Last but not least, storytelling itself will be our biggest challenge. In past projects, we focused heavily on developing technical skills. However, for this project, we must go beyond the technical execution and focus on crafting a compelling narrative—because a truly great visualization is built on a strong story. Although we have put much thought into this aspect, we recognize that storytelling is what will make our visualization impactful, and it requires just as much effort as the technical implementation.

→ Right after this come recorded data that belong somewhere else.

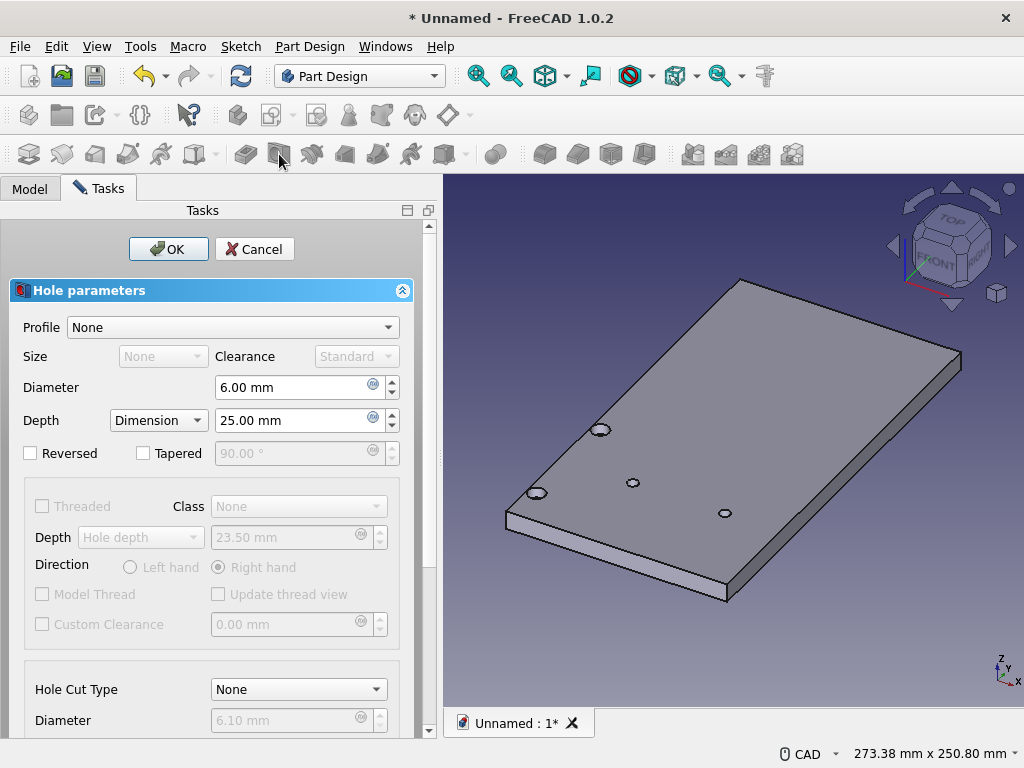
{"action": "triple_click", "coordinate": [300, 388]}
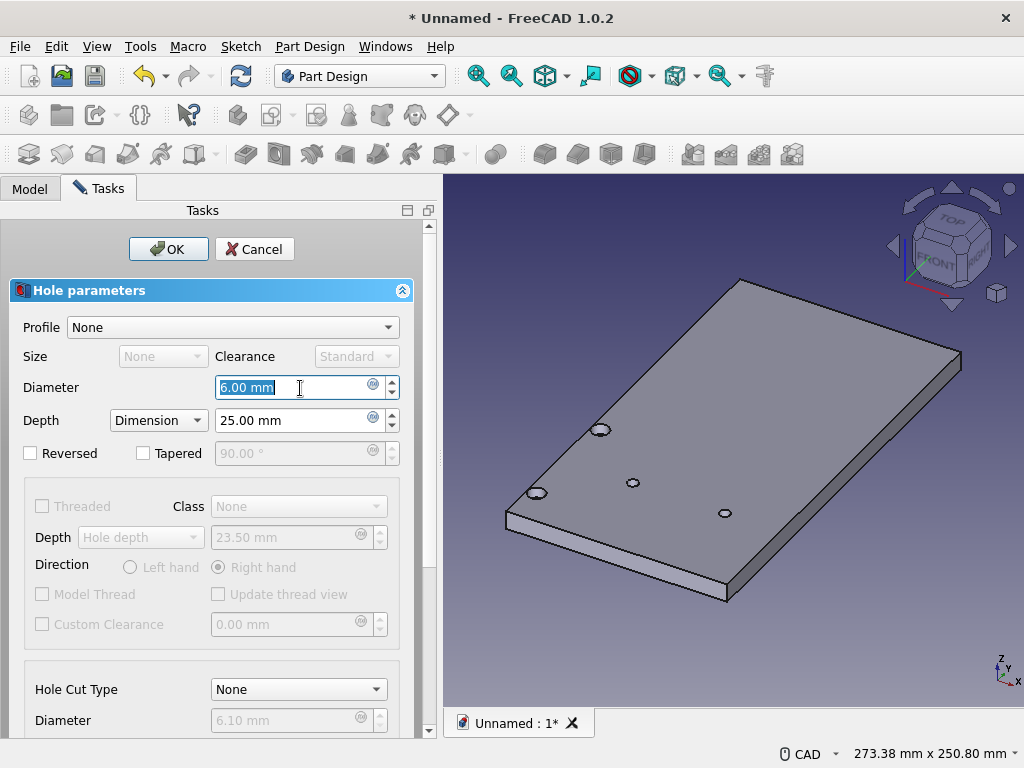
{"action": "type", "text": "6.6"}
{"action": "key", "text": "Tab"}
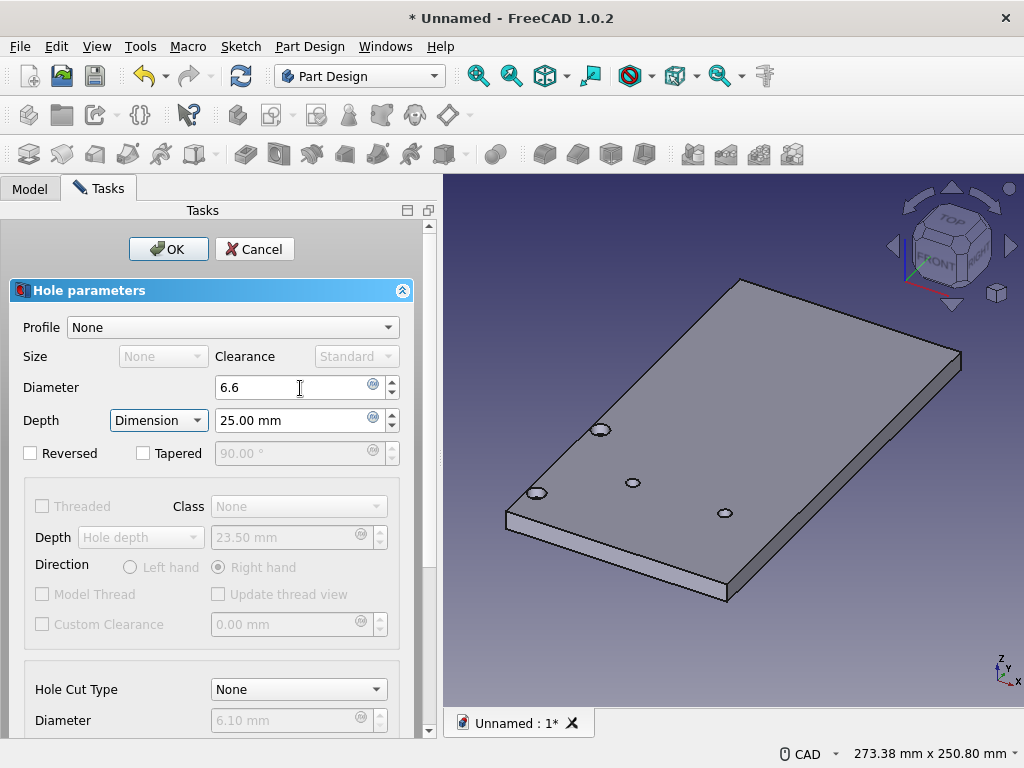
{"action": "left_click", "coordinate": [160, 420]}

GOAL: Compute average walking speed using subject_description.txt

In [None]:
import pandas as pd
import numpy as np

def compute_avg_gait_speed(file_path, disease_name):
    try:
        df = pd.read_csv(file_path, sep='\t', engine='python')
    except:
        df = pd.read_csv(file_path, sep=r'\s+', engine='python')

    df.columns = ['Subject', 'Group', 'Age', 'Height', 'Weight', 'Gender', 'GaitSpeed', 'Severity']

    df['GaitSpeed'] = pd.to_numeric(df['GaitSpeed'], errors='coerce')

    if disease_name.lower() == "als":
        df_filtered = df[df['Subject'].str.contains("als", case=False, na=False)]
    else:
        df_filtered = df[df['Group'].str.contains(disease_name, case=False, na=False)]

    return df_filtered['GaitSpeed'].mean()

file_path = "gait_data/subject-description.txt"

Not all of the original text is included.